Les revenus tirés de la location d'un bien doivent toujours être déclarés aux services fiscaux, mais ils ne sont pas toujours imposés, et ne donnent pas toujours lieu à des prélèvements sociaux :

  • en dessous de 305 € : vous ne payez ni impôts, ni charges sociales ;
  • entre 305 € et 20 % du Plafond annuel de la Sécurité sociale (PASS : 8 104,8 € en 2019) : vous ne payez pas de charges sociales, mais vous acquittez l'impôt sur le revenu ;
  • au-dessus de 20 % du PASS, vous acquittez les charges sociales et l’impôt sur le revenu.

Comme pour tous les revenus de ce type, vous pouvez toujours bénéficier, jusqu'à 70 000 € de chiffre d'affaires, du régime de la micro-entreprise pour vos charges sociales (vous payez alors 22 % de charges) et du micro-BIC (Bénéfices industriels et commerciaux) pour les impôts (vous bénéficiez d'un abattement de 50 %).
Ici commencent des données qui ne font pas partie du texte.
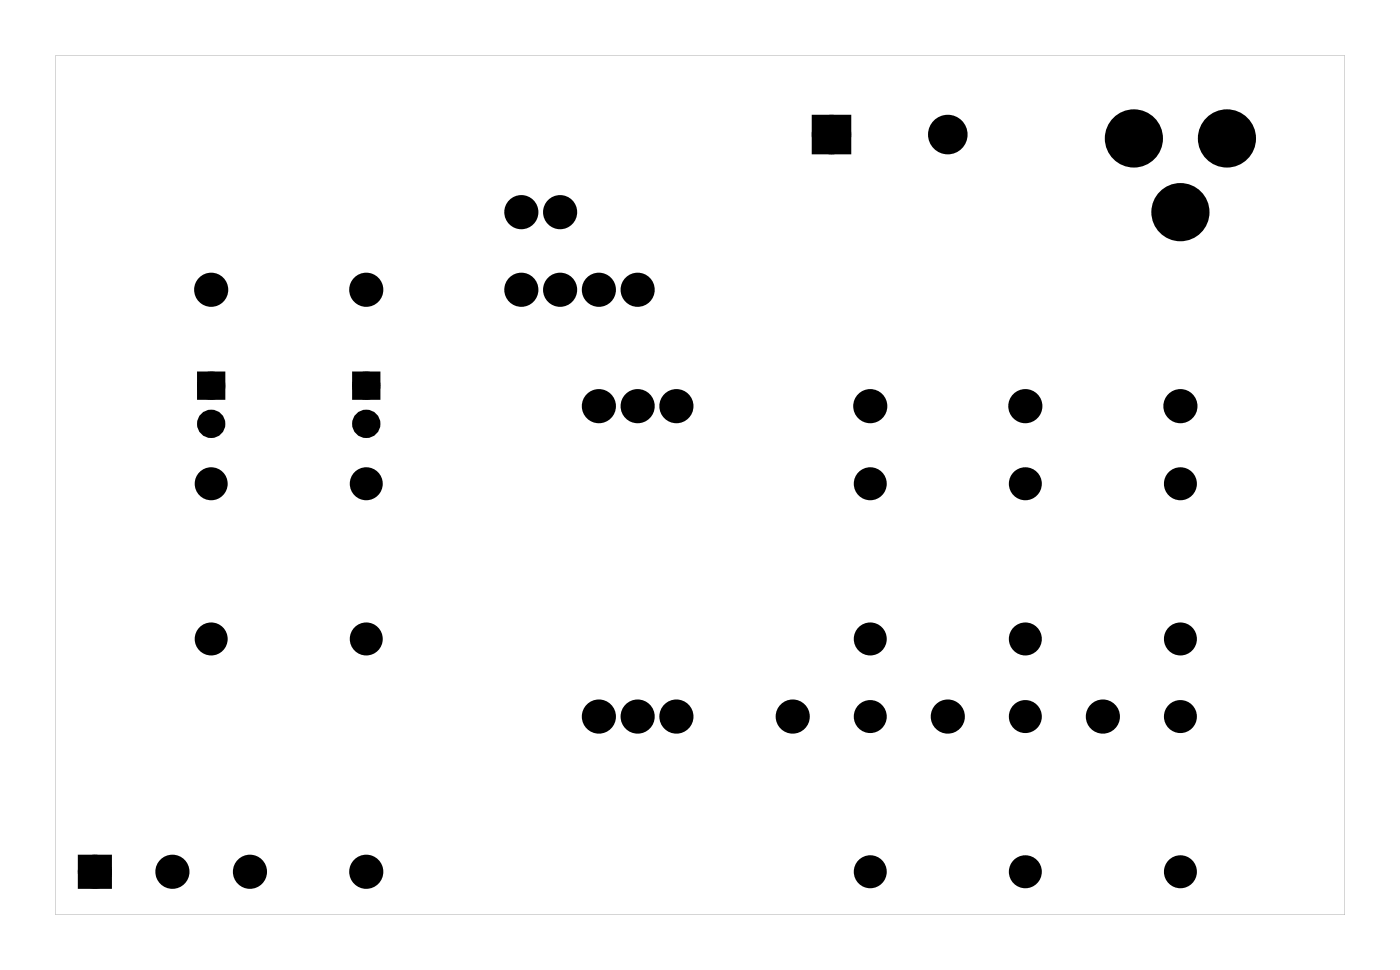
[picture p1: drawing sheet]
<svg xmlns="http://www.w3.org/2000/svg" width="92mm" height="63mm" viewBox="0 0 92 63" stroke-linecap="round" stroke-linejoin="round" font-family="sans-serif">
<g fill="#000">
<path d="M53.6 7.9h1.8v1.8h-1.8zM13.2 24.6h1.2v1.2h-1.2zM23.4 24.6h1.2v1.2h-1.2zM5.5 56.3h1.5v1.5h-1.5z"/>
<path d="M3.6 3.6v56.3h84.5v-56.3zM3.6 3.6h84.5v56.3h-84.5z"/>
</g>
<g fill="#000">
<circle cx="13.8" cy="19" r=".74"/>
<circle cx="24" cy="19" r=".74"/>
<circle cx="34.2" cy="19" r=".74"/>
<circle cx="34.2" cy="13.9" r=".74"/>
<circle cx="36.7" cy="19" r=".74"/>
<circle cx="36.7" cy="13.9" r=".74"/>
<circle cx="39.2" cy="19" r=".74"/>
<circle cx="41.8" cy="19" r=".74"/>
<circle cx="54.5" cy="8.8" r=".91"/>
<circle cx="62.1" cy="8.8" r=".91"/>
<circle cx="74.3" cy="9.1" r="1.52"/>
<circle cx="77.3" cy="13.9" r="1.52"/>
<circle cx="80.4" cy="9.1" r="1.52"/>
<circle cx="13.8" cy="27.7" r=".6"/>
<circle cx="13.8" cy="25.2" r=".6"/>
<circle cx="13.8" cy="31.7" r=".7"/>
<circle cx="24" cy="27.7" r=".6"/>
<circle cx="24" cy="25.2" r=".6"/>
<circle cx="24" cy="31.7" r=".7"/>
<circle cx="39.2" cy="26.6" r=".74"/>
<circle cx="41.8" cy="26.6" r=".74"/>
<circle cx="44.3" cy="26.6" r=".74"/>
<circle cx="57" cy="31.7" r=".7"/>
<circle cx="57" cy="26.6" r=".74"/>
<circle cx="67.2" cy="31.7" r=".7"/>
<circle cx="67.2" cy="26.6" r=".74"/>
<circle cx="77.3" cy="31.7" r=".7"/>
<circle cx="77.3" cy="26.6" r=".74"/>
<circle cx="6.2" cy="57.1" r=".74"/>
<circle cx="11.3" cy="57.1" r=".74"/>
<circle cx="13.8" cy="41.8" r=".7"/>
<circle cx="16.4" cy="57.1" r=".74"/>
<circle cx="24" cy="41.8" r=".7"/>
<circle cx="24" cy="57.1" r=".74"/>
<circle cx="39.2" cy="46.9" r=".74"/>
<circle cx="41.8" cy="46.9" r=".74"/>
<circle cx="44.3" cy="46.9" r=".74"/>
<circle cx="51.9" cy="46.9" r=".74"/>
<circle cx="57" cy="41.8" r=".7"/>
<circle cx="57" cy="46.9" r=".7"/>
<circle cx="57" cy="57.1" r=".7"/>
<circle cx="62.1" cy="46.9" r=".74"/>
<circle cx="67.2" cy="46.9" r=".7"/>
<circle cx="67.2" cy="41.8" r=".7"/>
<circle cx="67.2" cy="57.1" r=".7"/>
<circle cx="72.3" cy="46.9" r=".74"/>
<circle cx="77.3" cy="41.8" r=".7"/>
<circle cx="77.3" cy="46.9" r=".7"/>
<circle cx="77.3" cy="57.1" r=".7"/>
</g>
<g fill="none" stroke="#000" stroke-width=".76" stroke-linecap="butt">
<path d="M53.6 7.9h1.8v1.8h-1.8zM5.5 56.3h1.5v1.5h-1.5z"/>
<circle cx="13.8" cy="19" r=".74"/>
<circle cx="24" cy="19" r=".74"/>
<circle cx="34.2" cy="19" r=".74"/>
<circle cx="34.2" cy="13.9" r=".74"/>
<circle cx="36.7" cy="19" r=".74"/>
<circle cx="36.7" cy="13.9" r=".74"/>
<circle cx="39.2" cy="19" r=".74"/>
<circle cx="41.8" cy="19" r=".74"/>
<circle cx="54.5" cy="8.8" r=".91"/>
<circle cx="62.1" cy="8.8" r=".91"/>
<circle cx="74.3" cy="9.1" r="1.52"/>
<circle cx="77.3" cy="13.9" r="1.52"/>
<circle cx="80.4" cy="9.1" r="1.52"/>
<circle cx="13.8" cy="31.7" r=".7"/>
<circle cx="24" cy="31.7" r=".7"/>
<circle cx="39.2" cy="26.6" r=".74"/>
<circle cx="41.8" cy="26.6" r=".74"/>
<circle cx="44.3" cy="26.6" r=".74"/>
<circle cx="57" cy="31.7" r=".7"/>
<circle cx="57" cy="26.6" r=".74"/>
<circle cx="67.2" cy="31.7" r=".7"/>
<circle cx="67.2" cy="26.6" r=".74"/>
<circle cx="77.3" cy="31.7" r=".7"/>
<circle cx="77.3" cy="26.6" r=".74"/>
<circle cx="6.2" cy="57.1" r=".74"/>
<circle cx="11.3" cy="57.1" r=".74"/>
<circle cx="13.8" cy="41.8" r=".7"/>
<circle cx="16.4" cy="57.1" r=".74"/>
<circle cx="24" cy="41.8" r=".7"/>
<circle cx="24" cy="57.1" r=".74"/>
<circle cx="39.2" cy="46.9" r=".74"/>
<circle cx="41.8" cy="46.9" r=".74"/>
<circle cx="44.3" cy="46.9" r=".74"/>
<circle cx="51.9" cy="46.9" r=".74"/>
<circle cx="57" cy="41.8" r=".7"/>
<circle cx="57" cy="57.1" r=".7"/>
<circle cx="57" cy="46.9" r=".7"/>
<circle cx="62.1" cy="46.9" r=".74"/>
<circle cx="67.2" cy="41.8" r=".7"/>
<circle cx="67.2" cy="57.1" r=".7"/>
<circle cx="67.2" cy="46.9" r=".7"/>
<circle cx="72.3" cy="46.9" r=".74"/>
<circle cx="77.3" cy="57.1" r=".7"/>
<circle cx="77.3" cy="41.8" r=".7"/>
<circle cx="77.3" cy="46.9" r=".7"/>
</g>
<g fill="none" stroke="#000" stroke-width=".65" stroke-linecap="butt">
<path d="M13.2 24.6h1.2v1.2h-1.2zM23.4 24.6h1.2v1.2h-1.2z"/>
<circle cx="13.8" cy="25.2" r=".6"/>
<circle cx="13.8" cy="27.7" r=".6"/>
<circle cx="24" cy="25.2" r=".6"/>
<circle cx="24" cy="27.7" r=".6"/>
</g>
</svg>

Dans le cas d'une location de voiture, le micro-BIC n'est pas forcément une bonne idée : le régime réel vous permet de déduire l'amortissement de la voiture, sur la base du barème kilométrique. Si le résultat est supérieur à 50 % du chiffre d'affaires, vous paierez moins d'impôts en optant pour le régime réel d'imposition.

Le cas particulier du covoiturage

Les services de covoiturage en ligne permettent de trouver facilement des passagers pour une destination donnée, afin de réduire le coût du voyage pour le conducteur. Ce système permet au retraité d'augmenter facilement ses revenus.

Les sommes perçues dans ce cadre n'ont pas besoin d'être déclarées et ne sont pas soumises à cotisations sociales si elles remplissent 3 conditions :

  • c'est un déplacement que vous effectuez pour votre propre compte ;
  • vous prenez à votre charge une part des frais d'essence et de péage ;
  • les sommes prélevées au total ne dépassent pas le barème kilométrique.

Les plateformes tiennent généralement compte de ces critères dans le calcul des tarifs proposés. Par exemple, le tarif maximal peut résulter de l'application du barème kilométrique le plus bas. En principe, il n'y a donc pas de risques d'être hors-la-loi !

Si vous réalisez des profits par le biais du covoiturage, vous devez déclarer l'activité et payer des cotisations sociales et l'impôt sur le revenu. En dessous de 70 000 € de chiffre d'affaires, vous pouvez bénéficier du régime de la micro-entreprise et payer 22 % de charges sociales. Vous serez imposé sur la moitié de votre chiffre d'affaires. En dessous de 305 € de revenu annuel, vous ne payez pas d'impôt.

Dans tous les cas, n'hésitez pas à prendre conseil auprès des services des impôts et de l'Urssaf, en conservant des traces de vos échanges. En cas de difficultés, la bonne foi est le plus souvent prise en compte par l'Administration.